### [EXERCISE DESCRIPTION]
The entries below are to be given back exactly, with images excluded.

Saved entries:
* * *

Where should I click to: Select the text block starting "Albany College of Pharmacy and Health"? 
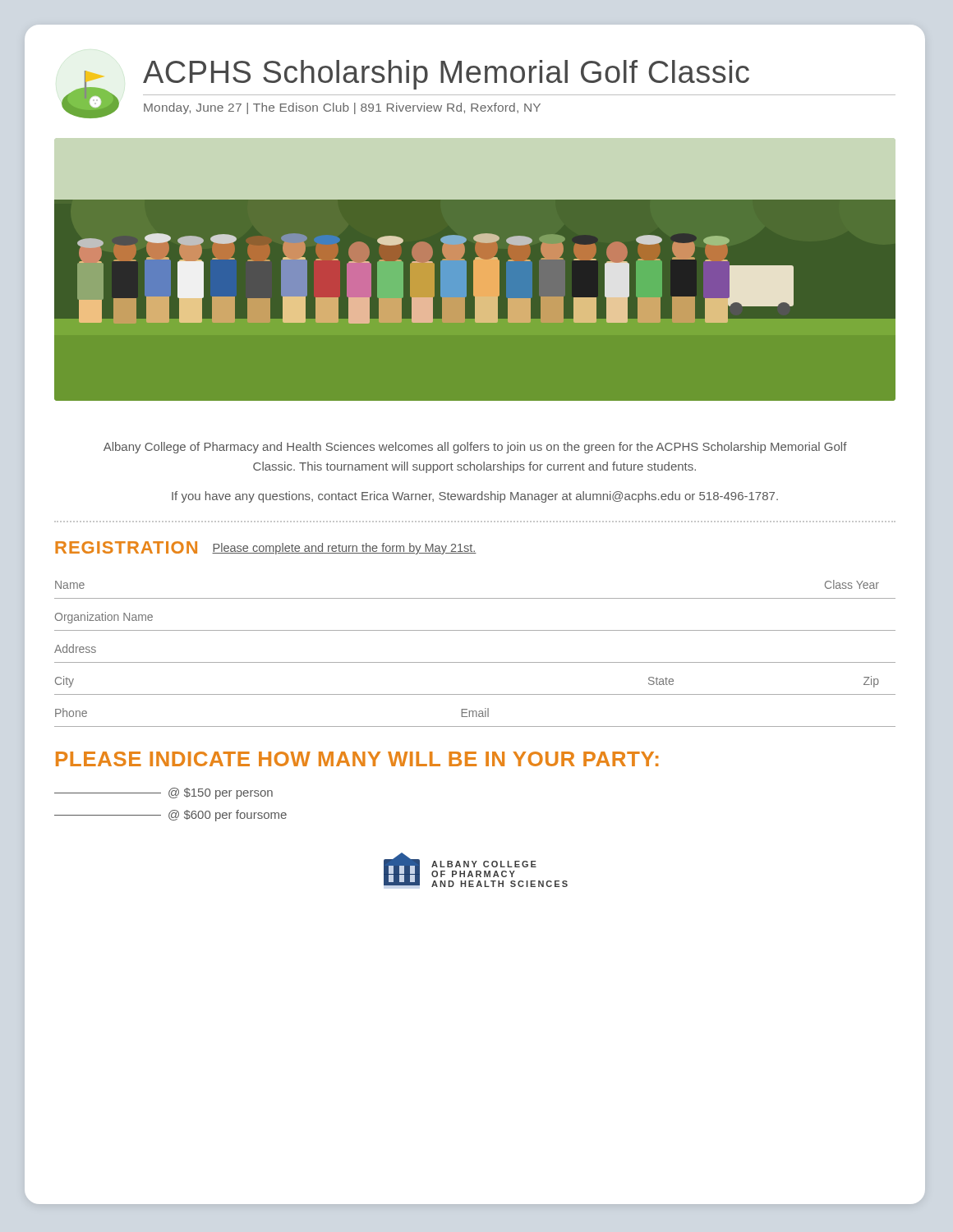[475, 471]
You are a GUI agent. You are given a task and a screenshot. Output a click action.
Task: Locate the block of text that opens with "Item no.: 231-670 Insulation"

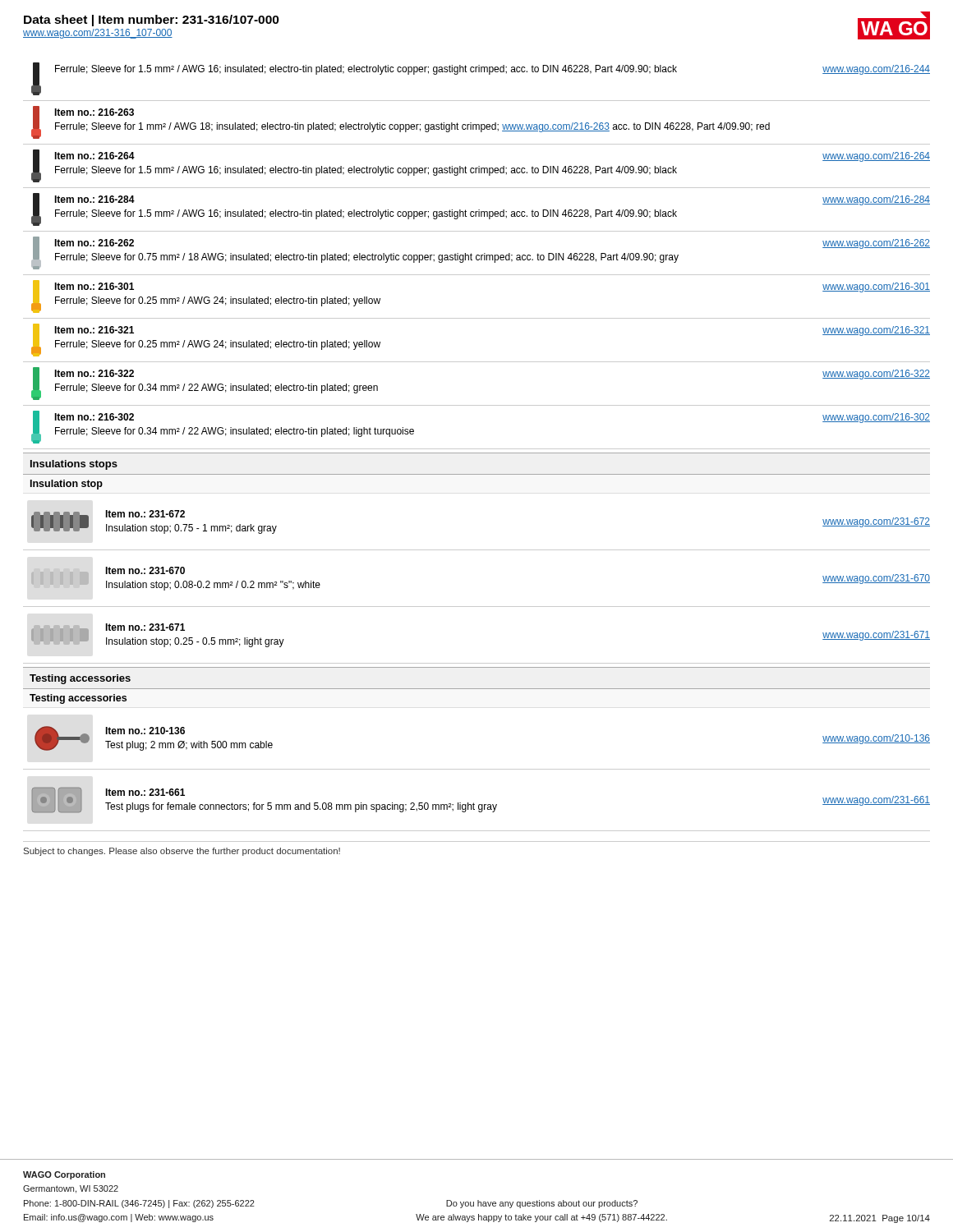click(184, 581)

* * *

### [PROBLEM SOLUTION]
Where should I click to: Select the text block starting "Albany College of Pharmacy and Health"? 
[475, 471]
You are a GUI agent. You are given a task and a screenshot. Output a click action.
Task: Locate the block of text that opens with "Item no.: 231-670 Insulation"

click(184, 581)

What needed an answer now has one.